Adds support for a dimension names attribute for block arguments

pranavm-nvidia · pranavm-nvidia · commit 34df3e223695 · 2025-06-11T09:27:21.000-07:00
Adds support for a dimension names attribute which is used to set dimension
names in TensorRT. This conveys that the dimensions are equal at runtime.
diff --git a/mlir-tensorrt/compiler/lib/Compiler/TensorRTToExecutable/Passes.cpp b/mlir-tensorrt/compiler/lib/Compiler/TensorRTToExecutable/Passes.cpp
@@ -240,13 +240,17 @@ outlineOp(RewriterBase &rewriter, tensorrt::TensorRTModuleOp trtModule,
 
   StringRef tensorrtShapeBoundsAttrName =
       mlir::tensorrt::TensorRTDialect::getShapeProfileArgAttrName();
+  StringRef tensorrtDimensionNamesAttrName =
+      mlir::tensorrt::TensorRTDialect::getDimensionNamesArgAttrName();
   func::FuncOp funcContainingCluster =
       cluster.back()->getParentOfType<func::FuncOp>();
   SmallVector<Attribute> profileAttrsPerInput;
+  SmallVector<Attribute> dimensionNamesAttrsPerInput;
   for (Value v : inputs) {
     auto rtt = dyn_cast<RankedTensorType>(v.getType());
     if (!rtt || rtt.hasStaticShape()) {
       profileAttrsPerInput.push_back(Attribute{});
+      dimensionNamesAttrsPerInput.push_back(Attribute{});
       continue;
     }
 
@@ -263,6 +267,10 @@ outlineOp(RewriterBase &rewriter, tensorrt::TensorRTModuleOp trtModule,
         funcContainingCluster.getArgAttrOfType<tensorrt::ShapeProfileAttr>(
             argIndex, tensorrtShapeBoundsAttrName));
 
+    dimensionNamesAttrsPerInput.push_back(
+        funcContainingCluster.getArgAttrOfType<DictionaryAttr>(
+            argIndex, tensorrtDimensionNamesAttrName));
+
     if (!profileAttrsPerInput.back()) {
       return emitError(blockArg.getLoc())
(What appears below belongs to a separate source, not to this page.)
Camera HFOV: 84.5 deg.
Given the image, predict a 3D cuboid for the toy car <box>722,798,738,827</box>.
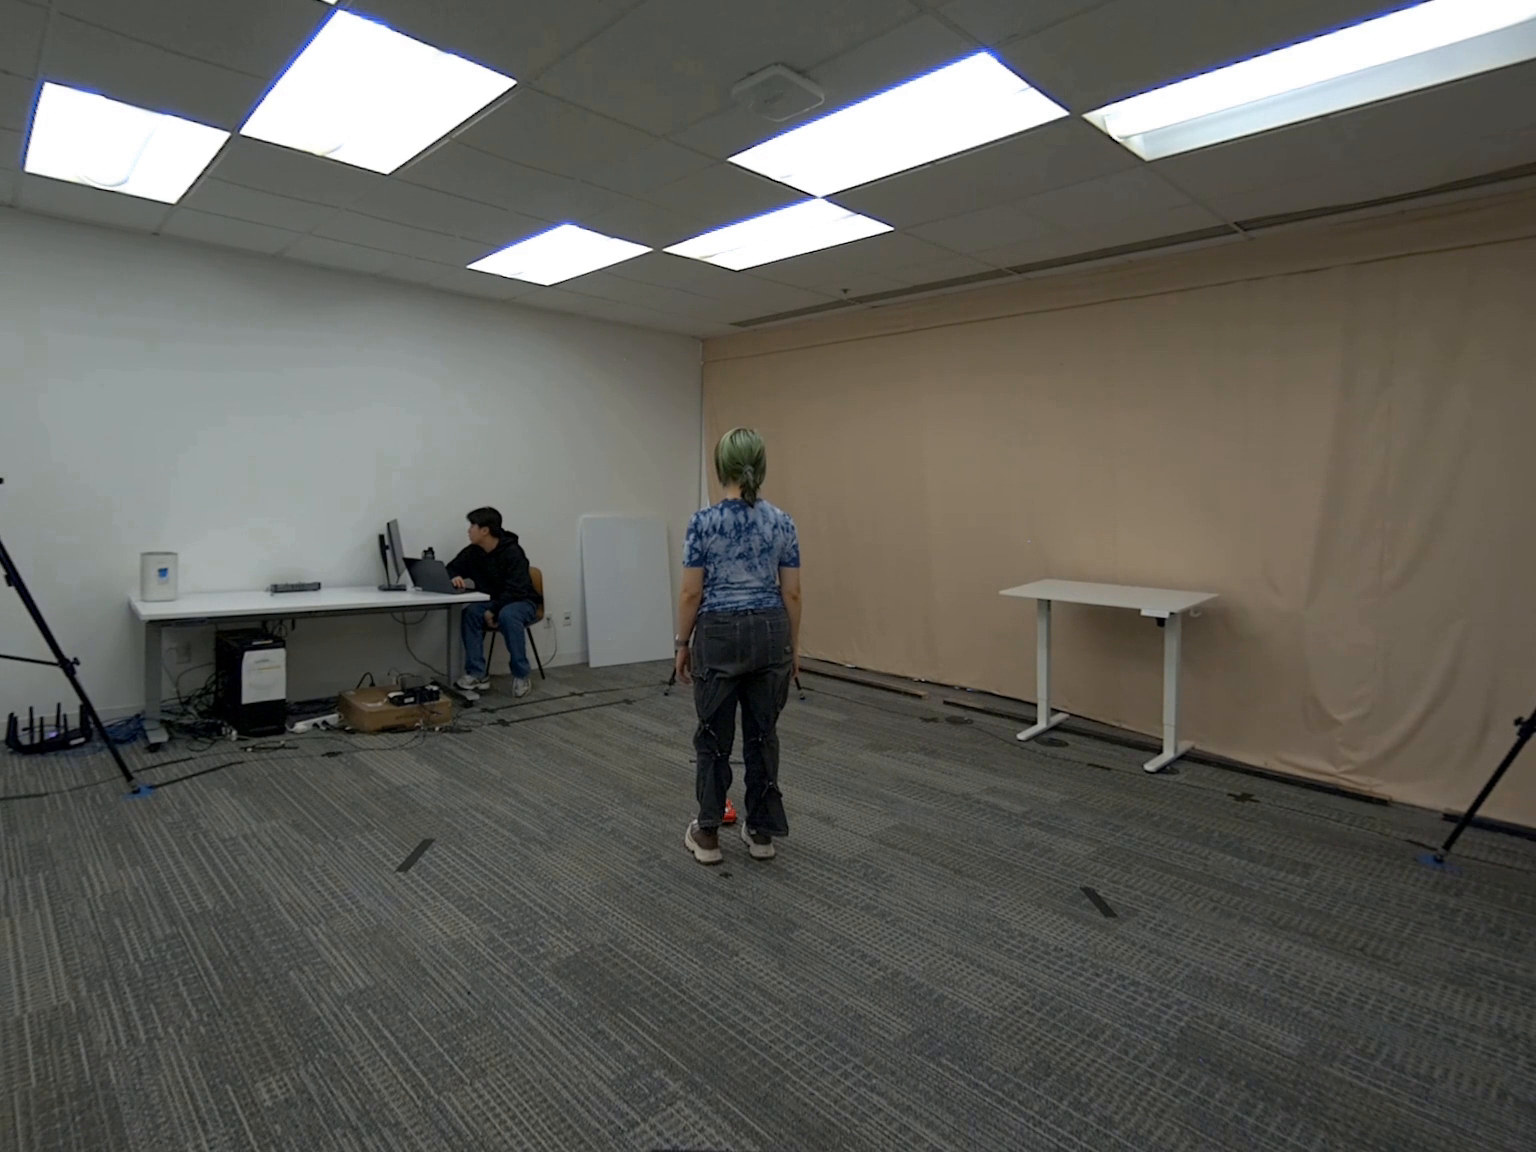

              << "Profile attribute (" << tensorrtShapeBoundsAttrName
@@ -271,10 +279,12 @@ outlineOp(RewriterBase &rewriter, tensorrt::TensorRTModuleOp trtModule,
   }
 
   for (unsigned idx = 0; idx < func->getNumArguments(); idx++) {
-    if (!profileAttrsPerInput[idx])
-      continue;
-    func->setArgAttr(idx, tensorrtShapeBoundsAttrName,
-                     profileAttrsPerInput[idx]);
+    if (profileAttrsPerInput[idx])
+      func->setArgAttr(idx, tensorrtShapeBoundsAttrName,
+                       profileAttrsPerInput[idx]);
+    if (dimensionNamesAttrsPerInput[idx])
+      func->setArgAttr(idx, tensorrtDimensionNamesAttrName,
+                       dimensionNamesAttrsPerInput[idx]);
   }
 
   rewriter.setInsertionPoint(inlineGroupOp);
diff --git a/mlir-tensorrt/tensorrt/include/mlir-tensorrt-dialect/TensorRT/IR/TensorRTDialect.td b/mlir-tensorrt/tensorrt/include/mlir-tensorrt-dialect/TensorRT/IR/TensorRTDialect.td
@@ -38,6 +38,12 @@ def TensorRT_Dialect : Dialect {
       return "tensorrt.shape_profile";
     }
 
+    /// Return the name of the function arg attr that encodes
+    /// the dimension names. It should have a type `DictionaryAttr`.
+    static StringRef getDimensionNamesArgAttrName() {
+      return "tensorrt.dimension_names";
+    }
+
     /// TensorRT quantization and dequantization mode markers.
     static constexpr StringRef kTensorRTPerTensorQuantizationMarker = "tensorrt.pt_q";
     static constexpr StringRef kTensorRTPerChannelQuantizationMarker = "tensorrt.pc_q";
diff --git a/mlir-tensorrt/tensorrt/lib/Target/TensorRTEncodingOpInterface/NetworkEncoder.cpp b/mlir-tensorrt/tensorrt/lib/Target/TensorRTEncodingOpInterface/NetworkEncoder.cpp
@@ -27,6 +27,7 @@
 #include "mlir-tensorrt-dialect/TensorRT/Utils/Utils.h"
 #include "mlir-tensorrt-dialect/Utils/NvInferAdaptor.h"
 #include "mlir-tensorrt-dialect/Utils/StaticValueUtils.h"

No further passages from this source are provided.